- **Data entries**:

______

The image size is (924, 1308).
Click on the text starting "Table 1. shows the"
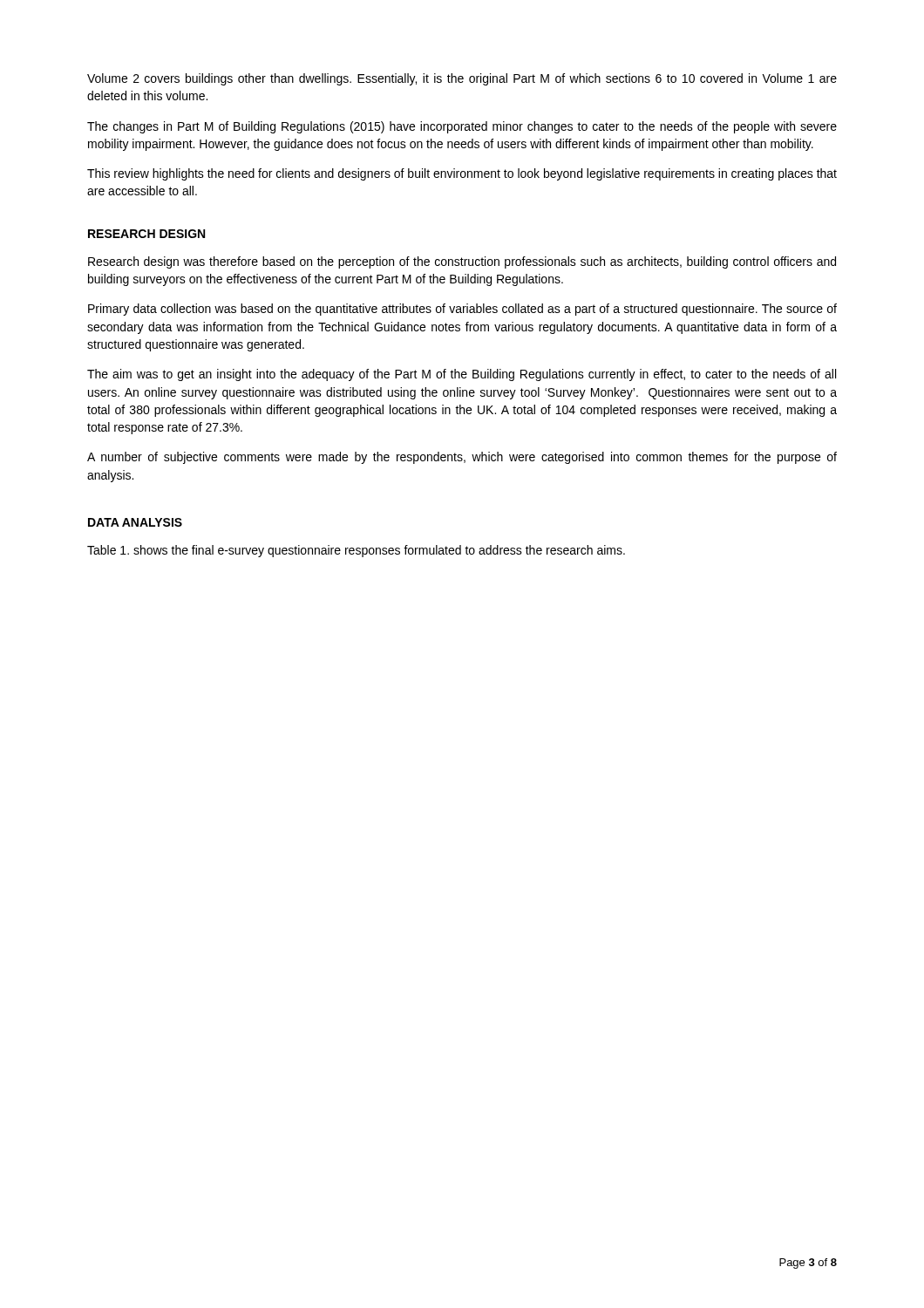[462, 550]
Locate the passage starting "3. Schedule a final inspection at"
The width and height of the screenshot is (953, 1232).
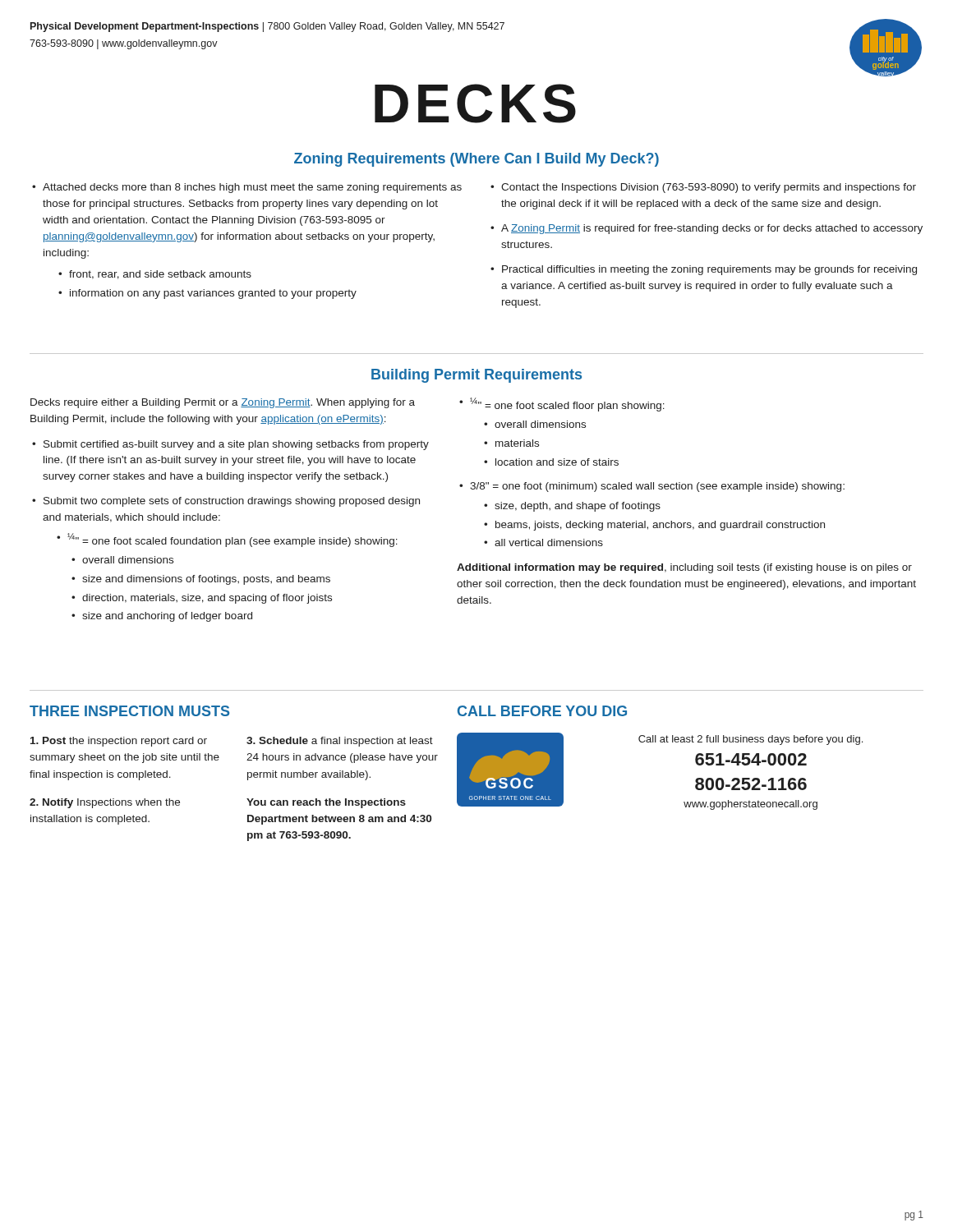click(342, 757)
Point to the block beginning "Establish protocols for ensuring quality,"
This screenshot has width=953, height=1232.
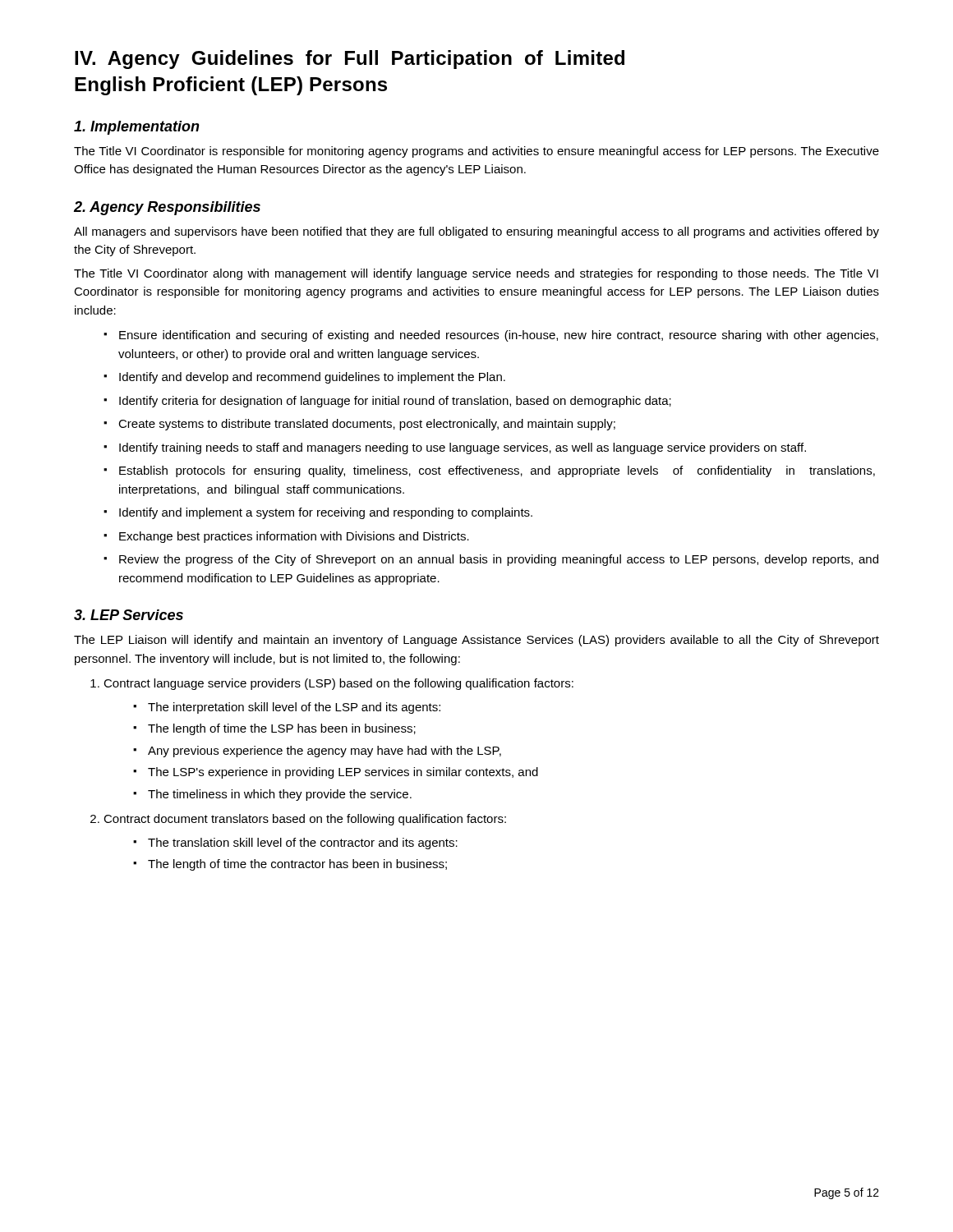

______

- **Work instruction**:
In the copy, omit the pictures and give every line of the data exactly.

- **Response area**:
The image size is (924, 1308).
Click on the text starting "Table 1. shows the"
[462, 550]
Locate the passage starting "3. Schedule a final inspection at"
The width and height of the screenshot is (953, 1232).
click(342, 757)
Point to the block beginning "Establish protocols for ensuring quality,"
This screenshot has width=953, height=1232.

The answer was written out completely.